- _WHAT YOU SHOULD DO_
Determine how many lines in the records include "below". Write the number and nothing more.

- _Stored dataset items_
# # # #
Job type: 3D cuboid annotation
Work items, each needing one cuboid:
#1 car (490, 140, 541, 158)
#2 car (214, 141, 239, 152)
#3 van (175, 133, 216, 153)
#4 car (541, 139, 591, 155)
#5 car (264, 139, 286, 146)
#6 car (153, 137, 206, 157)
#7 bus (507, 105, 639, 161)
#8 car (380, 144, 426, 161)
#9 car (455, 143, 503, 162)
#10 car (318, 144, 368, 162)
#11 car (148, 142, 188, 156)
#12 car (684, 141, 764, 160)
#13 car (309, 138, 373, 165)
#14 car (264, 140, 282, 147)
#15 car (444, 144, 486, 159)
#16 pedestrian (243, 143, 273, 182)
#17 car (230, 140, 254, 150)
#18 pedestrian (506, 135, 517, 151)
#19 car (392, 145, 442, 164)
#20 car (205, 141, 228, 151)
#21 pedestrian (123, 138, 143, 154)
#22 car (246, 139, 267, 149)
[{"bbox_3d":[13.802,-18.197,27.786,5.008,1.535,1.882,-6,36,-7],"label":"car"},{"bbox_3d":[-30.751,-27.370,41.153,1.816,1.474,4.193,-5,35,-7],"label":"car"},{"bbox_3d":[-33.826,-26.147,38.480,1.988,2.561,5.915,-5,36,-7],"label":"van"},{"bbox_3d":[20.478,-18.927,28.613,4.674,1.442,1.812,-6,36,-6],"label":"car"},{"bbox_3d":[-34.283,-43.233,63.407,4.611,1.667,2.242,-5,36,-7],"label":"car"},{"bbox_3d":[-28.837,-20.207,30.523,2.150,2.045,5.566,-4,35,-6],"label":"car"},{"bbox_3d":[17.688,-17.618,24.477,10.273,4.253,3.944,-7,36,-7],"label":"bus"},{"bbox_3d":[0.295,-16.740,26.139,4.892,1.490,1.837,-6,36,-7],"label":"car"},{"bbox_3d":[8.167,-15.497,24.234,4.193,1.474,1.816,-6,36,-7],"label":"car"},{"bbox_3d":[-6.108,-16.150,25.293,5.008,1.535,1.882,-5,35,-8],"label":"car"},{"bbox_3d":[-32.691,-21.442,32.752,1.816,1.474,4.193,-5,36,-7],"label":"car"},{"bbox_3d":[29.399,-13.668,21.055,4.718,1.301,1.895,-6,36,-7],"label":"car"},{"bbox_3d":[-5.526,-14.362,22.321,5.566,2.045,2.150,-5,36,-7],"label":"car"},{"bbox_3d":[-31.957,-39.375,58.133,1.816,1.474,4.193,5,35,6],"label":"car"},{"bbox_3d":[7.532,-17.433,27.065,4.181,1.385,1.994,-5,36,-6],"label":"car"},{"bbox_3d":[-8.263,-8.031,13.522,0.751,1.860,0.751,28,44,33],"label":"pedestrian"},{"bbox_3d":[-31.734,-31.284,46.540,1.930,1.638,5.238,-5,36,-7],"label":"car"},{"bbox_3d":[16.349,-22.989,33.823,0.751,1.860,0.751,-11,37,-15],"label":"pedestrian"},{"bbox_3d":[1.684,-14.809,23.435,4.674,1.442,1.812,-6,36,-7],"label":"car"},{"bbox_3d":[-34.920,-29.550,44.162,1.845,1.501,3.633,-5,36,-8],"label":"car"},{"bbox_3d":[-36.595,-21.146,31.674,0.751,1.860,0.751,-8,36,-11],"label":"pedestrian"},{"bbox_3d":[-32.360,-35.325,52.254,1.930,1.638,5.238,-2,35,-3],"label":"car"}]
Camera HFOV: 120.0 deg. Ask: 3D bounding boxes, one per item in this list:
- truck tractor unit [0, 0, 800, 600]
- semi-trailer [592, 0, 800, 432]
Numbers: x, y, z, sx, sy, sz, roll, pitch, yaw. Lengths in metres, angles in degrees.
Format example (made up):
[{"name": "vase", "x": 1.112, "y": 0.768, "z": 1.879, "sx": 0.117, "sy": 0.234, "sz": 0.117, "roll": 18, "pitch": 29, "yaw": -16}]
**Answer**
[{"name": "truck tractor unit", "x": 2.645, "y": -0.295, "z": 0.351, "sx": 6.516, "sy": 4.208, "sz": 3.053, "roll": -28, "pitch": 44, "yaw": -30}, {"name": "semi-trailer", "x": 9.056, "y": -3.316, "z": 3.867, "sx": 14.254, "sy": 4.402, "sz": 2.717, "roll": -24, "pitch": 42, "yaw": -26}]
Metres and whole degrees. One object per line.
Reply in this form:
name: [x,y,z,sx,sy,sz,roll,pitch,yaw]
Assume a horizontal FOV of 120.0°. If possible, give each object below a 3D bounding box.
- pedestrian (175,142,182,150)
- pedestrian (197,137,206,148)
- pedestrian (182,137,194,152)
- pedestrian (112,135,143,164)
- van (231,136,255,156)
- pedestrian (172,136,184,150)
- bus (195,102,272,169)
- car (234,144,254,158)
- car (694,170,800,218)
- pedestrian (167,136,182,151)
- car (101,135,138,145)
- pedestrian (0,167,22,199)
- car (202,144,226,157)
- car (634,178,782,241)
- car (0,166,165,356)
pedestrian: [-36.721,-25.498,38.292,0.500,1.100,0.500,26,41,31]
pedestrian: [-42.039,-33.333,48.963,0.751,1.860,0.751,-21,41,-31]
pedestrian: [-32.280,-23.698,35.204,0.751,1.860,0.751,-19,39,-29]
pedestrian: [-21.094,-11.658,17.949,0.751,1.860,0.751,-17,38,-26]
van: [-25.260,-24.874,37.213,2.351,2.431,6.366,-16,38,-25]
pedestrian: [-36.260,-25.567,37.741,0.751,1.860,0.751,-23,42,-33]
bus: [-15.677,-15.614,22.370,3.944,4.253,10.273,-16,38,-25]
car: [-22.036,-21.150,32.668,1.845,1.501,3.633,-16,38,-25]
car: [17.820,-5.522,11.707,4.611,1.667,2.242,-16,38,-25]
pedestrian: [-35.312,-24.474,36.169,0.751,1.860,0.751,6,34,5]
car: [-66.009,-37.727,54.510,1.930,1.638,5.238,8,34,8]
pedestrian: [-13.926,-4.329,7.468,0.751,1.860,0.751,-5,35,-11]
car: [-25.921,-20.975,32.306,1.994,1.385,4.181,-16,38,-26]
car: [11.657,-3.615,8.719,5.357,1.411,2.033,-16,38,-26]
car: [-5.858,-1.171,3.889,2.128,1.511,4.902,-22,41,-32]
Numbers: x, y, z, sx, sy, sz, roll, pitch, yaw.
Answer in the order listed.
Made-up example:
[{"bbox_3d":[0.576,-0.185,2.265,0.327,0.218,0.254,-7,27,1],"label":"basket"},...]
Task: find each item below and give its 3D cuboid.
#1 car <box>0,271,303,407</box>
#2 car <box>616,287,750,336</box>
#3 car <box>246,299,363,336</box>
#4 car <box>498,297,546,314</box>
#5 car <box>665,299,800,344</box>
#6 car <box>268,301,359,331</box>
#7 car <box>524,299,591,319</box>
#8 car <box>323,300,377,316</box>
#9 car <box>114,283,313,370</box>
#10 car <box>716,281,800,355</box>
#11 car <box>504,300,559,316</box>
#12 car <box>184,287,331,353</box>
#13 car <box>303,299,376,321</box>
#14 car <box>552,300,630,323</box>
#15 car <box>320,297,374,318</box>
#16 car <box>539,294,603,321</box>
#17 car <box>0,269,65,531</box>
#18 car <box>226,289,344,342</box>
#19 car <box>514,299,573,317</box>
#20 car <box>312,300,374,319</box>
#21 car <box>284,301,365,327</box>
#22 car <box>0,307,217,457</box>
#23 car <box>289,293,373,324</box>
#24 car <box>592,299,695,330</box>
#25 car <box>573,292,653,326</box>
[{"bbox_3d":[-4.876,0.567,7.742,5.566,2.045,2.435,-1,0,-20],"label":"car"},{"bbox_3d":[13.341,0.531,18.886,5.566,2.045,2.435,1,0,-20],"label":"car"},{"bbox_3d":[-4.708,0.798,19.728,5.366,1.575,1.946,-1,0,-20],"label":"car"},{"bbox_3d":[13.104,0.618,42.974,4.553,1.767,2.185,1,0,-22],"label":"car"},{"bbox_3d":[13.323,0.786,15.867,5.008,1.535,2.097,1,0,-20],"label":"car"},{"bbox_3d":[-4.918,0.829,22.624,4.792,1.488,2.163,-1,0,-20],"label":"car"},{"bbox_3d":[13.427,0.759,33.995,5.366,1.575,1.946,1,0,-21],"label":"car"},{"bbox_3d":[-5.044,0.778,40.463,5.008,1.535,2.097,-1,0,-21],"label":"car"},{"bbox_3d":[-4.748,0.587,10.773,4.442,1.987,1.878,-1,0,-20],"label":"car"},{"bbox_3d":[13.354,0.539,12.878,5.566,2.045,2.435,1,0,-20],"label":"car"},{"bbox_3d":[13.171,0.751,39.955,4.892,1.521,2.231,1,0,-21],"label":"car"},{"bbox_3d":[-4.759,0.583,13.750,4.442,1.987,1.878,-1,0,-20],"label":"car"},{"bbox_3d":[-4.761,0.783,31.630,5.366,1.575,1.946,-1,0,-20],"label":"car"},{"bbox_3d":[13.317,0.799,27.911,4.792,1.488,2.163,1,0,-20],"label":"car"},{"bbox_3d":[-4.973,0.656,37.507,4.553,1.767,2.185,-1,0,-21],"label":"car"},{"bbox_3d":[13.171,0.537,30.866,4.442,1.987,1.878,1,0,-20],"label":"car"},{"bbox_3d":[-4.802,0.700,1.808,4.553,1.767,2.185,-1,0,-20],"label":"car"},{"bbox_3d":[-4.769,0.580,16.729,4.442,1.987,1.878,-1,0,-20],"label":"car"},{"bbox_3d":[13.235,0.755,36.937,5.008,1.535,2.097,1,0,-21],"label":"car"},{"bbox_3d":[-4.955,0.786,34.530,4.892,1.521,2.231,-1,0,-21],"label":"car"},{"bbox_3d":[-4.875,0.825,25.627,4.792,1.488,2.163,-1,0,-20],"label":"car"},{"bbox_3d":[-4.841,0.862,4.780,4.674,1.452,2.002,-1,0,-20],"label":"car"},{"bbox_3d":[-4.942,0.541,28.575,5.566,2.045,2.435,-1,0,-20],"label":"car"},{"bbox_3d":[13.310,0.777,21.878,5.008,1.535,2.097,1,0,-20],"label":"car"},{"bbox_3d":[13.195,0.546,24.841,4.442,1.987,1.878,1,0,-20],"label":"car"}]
# # # #
- _SOLUTION_
2